Records from a data collection —
□ □ □ □
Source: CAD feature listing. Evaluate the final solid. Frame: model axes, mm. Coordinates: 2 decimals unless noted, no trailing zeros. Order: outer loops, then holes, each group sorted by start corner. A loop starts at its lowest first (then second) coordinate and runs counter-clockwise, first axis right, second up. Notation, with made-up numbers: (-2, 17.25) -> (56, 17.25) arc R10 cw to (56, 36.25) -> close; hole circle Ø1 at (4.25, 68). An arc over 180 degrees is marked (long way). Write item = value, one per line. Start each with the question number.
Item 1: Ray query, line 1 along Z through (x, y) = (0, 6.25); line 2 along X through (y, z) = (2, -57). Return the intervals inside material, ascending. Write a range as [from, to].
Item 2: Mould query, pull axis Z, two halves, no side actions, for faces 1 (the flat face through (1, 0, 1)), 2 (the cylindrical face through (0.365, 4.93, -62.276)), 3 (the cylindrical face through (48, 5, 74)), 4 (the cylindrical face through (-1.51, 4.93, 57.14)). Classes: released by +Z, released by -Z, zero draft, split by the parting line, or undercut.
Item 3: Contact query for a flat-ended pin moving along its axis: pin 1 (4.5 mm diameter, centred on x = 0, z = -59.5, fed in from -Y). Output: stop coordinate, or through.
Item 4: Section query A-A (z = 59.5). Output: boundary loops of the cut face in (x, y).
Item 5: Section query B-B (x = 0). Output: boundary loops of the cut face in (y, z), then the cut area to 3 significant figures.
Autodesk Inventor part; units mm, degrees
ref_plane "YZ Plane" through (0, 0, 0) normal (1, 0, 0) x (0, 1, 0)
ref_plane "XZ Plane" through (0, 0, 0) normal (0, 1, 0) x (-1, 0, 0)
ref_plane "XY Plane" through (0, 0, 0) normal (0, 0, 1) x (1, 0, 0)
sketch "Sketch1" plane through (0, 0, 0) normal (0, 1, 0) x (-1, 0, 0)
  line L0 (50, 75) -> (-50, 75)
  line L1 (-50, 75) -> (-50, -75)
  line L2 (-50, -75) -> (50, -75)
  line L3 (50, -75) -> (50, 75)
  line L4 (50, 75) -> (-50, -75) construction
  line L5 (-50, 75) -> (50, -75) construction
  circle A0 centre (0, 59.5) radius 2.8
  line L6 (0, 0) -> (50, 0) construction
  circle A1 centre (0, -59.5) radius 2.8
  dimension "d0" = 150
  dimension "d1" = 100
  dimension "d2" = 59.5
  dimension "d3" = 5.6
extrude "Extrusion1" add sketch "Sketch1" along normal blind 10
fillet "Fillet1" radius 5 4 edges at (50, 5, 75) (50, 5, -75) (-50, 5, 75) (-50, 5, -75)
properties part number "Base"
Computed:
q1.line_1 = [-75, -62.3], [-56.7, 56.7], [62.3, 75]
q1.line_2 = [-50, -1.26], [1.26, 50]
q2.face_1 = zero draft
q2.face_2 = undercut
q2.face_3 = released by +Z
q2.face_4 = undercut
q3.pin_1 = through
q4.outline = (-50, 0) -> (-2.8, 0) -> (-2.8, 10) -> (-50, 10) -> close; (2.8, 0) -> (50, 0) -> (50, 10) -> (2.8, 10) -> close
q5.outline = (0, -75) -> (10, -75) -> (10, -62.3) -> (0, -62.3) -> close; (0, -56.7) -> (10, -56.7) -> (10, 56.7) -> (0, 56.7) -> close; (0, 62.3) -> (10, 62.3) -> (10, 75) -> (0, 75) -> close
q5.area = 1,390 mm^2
□ □ □ □
EXERCISE OBJECTIVE —
Using the entries above, quote each line verbatim from the first through the line that contains "1) x (1, 0, 0)".

TASK ANSWER —
Source: CAD feature listing. Evaluate the final solid. Frame: model axes, mm. Coordinates: 2 decimals unless noted, no trailing zeros. Order: outer loops, then holes, each group sorted by start corner. A loop starts at its lowest first (then second) coordinate and runs counter-clockwise, first axis right, second up. Notation, with made-up numbers: (-2, 17.25) -> (56, 17.25) arc R10 cw to (56, 36.25) -> close; hole circle Ø1 at (4.25, 68). An arc over 180 degrees is marked (long way). Write item = value, one per line. Start each with the question number.
Item 1: Ray query, line 1 along Z through (x, y) = (0, 6.25); line 2 along X through (y, z) = (2, -57). Return the intervals inside material, ascending. Write a range as [from, to].
Item 2: Mould query, pull axis Z, two halves, no side actions, for faces 1 (the flat face through (1, 0, 1)), 2 (the cylindrical face through (0.365, 4.93, -62.276)), 3 (the cylindrical face through (48, 5, 74)), 4 (the cylindrical face through (-1.51, 4.93, 57.14)). Classes: released by +Z, released by -Z, zero draft, split by the parting line, or undercut.
Item 3: Contact query for a flat-ended pin moving along its axis: pin 1 (4.5 mm diameter, centred on x = 0, z = -59.5, fed in from -Y). Output: stop coordinate, or through.
Item 4: Section query A-A (z = 59.5). Output: boundary loops of the cut face in (x, y).
Item 5: Section query B-B (x = 0). Output: boundary loops of the cut face in (y, z), then the cut area to 3 significant figures.
Autodesk Inventor part; units mm, degrees
ref_plane "YZ Plane" through (0, 0, 0) normal (1, 0, 0) x (0, 1, 0)
ref_plane "XZ Plane" through (0, 0, 0) normal (0, 1, 0) x (-1, 0, 0)
ref_plane "XY Plane" through (0, 0, 0) normal (0, 0, 1) x (1, 0, 0)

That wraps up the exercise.